Au fil de son enquête qui ne semble pas ravir grand monde, l’actrice va croiser une foule de visages connus des cinéphiles belges, des familiers des frères, parmi lesquels on note sans surprise Olivier Gourmet, Jérémie Renier, Fabrizio Rongione ou Christelle Cornil Mais également Morgane Marinne, Philippe Jeusette, Jean-Michel Balthazar ou encore Yoann Zimmer pour ne citer que ceux qui sont désormais les plus attachés à leur univers.

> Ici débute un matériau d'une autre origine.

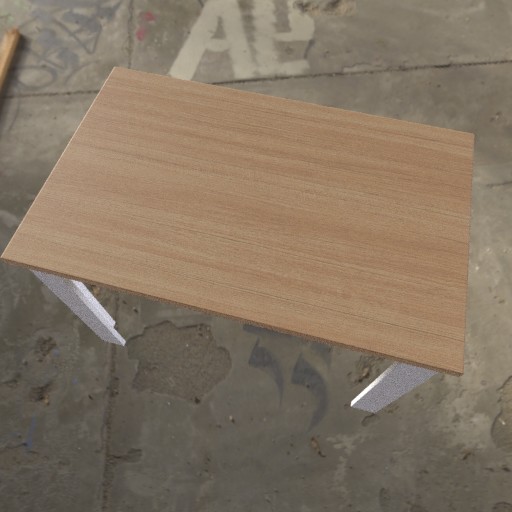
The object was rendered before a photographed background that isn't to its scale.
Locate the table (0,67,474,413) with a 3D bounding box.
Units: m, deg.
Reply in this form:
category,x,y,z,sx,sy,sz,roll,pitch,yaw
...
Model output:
category,x,y,z,sx,sy,sz,roll,pitch,yaw
table,0.000,0.000,1.491,1.100,0.734,0.700,13,63,7
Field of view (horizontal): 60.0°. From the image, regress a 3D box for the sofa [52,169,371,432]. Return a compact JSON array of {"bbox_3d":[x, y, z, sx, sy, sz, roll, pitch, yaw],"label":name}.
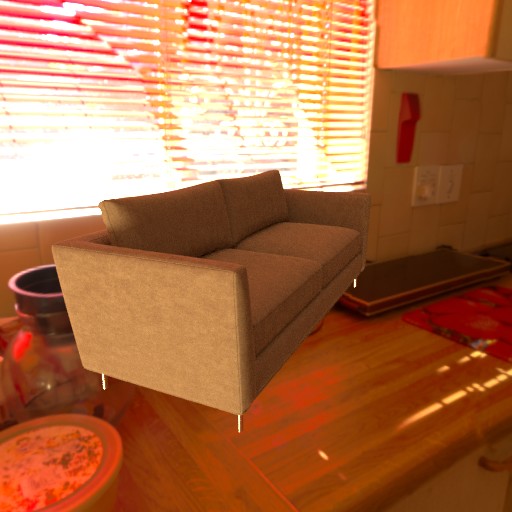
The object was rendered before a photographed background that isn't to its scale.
[{"bbox_3d":[0.000,0.000,2.597,0.889,0.864,2.121,7,17,25],"label":"sofa"}]
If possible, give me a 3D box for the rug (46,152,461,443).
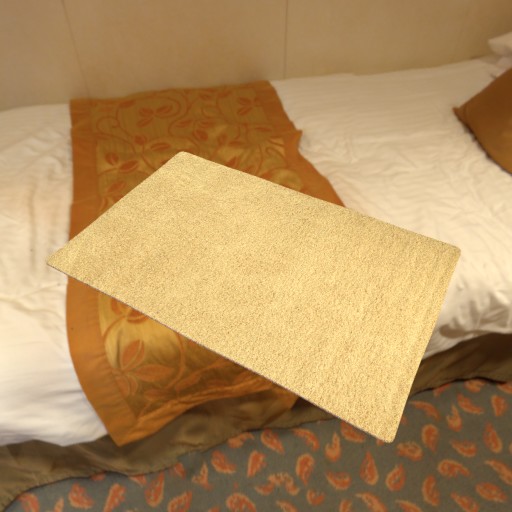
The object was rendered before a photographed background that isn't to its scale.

Et si la fidélité des réalisateurs est évidemment à saluer, elle est aussi à double tranchant : ce cortège de visages souvent confinés à des emplois plutôt stéréotypés peut distraire quelques spectateurs. D’autant que si le film nous immerge dans un quotidien gris et impersonnel (une ville dévorée par la précarité), ces acteurs immédiatement identifiés nous rappellent régulièrement que tout cela n’est finalement que du cinéma.
Dans ce défilé assez prestigieux, le visage de Thomas Doret surprendra ceux qui se souviennent du bouillonnant gamin au vélo tandis que Marc Zinga, fort inquiétant, fait ici ses premiers pas dans l’univers des frères. Pas les derniers si on en juge par l’enthousiasme des réalisateurs sur sa prestation.

 

 

Depuis Cannes, La fille inconnue a été parfois présenté comme un polar. Les frères se fichent pourtant comme de leur premier cigare des conventions du genre pour se concentrer sur deux axes : le quotidien d’un médecin œuvrant dans un milieu peu aisé et le combat d’une jeune femme pour apaiser sa conscience en retrouvant le nom de la défunte qu’elle n’a pas pu aider et lui offrir une sépulture décente, mais aussi en remettant en selle un stagiaire qu’elle a quelque peu malmené.
En filigrane de ce combat moral individuel, on peut voir le film comme une métaphore frappante de la situation sociale actuelle où les plus aisés refusent de laisser entrer l’autre, le plus faible, au risque de le voir périr à nos portes dans l’indifférence la plus totale. Une situation d’autant plus inacceptable pour un médecin forcément ouvert à l’autre.

 

Ces enjeux nobles s’inscrivent élégamment dans l’univers des frères et ne devraient pas dérouter les fans des réalisateurs qui restent, malgré ce que leurs détracteurs imaginent, les meilleurs ambassadeurs du cinéma belge à l’international tant au niveau des festivals qu’en termes de public touché PARTOUT sur la planète.
Un phénomène presque unique qui échappe aux classifications et dépasse les discussions critiques, souvent très subjectives.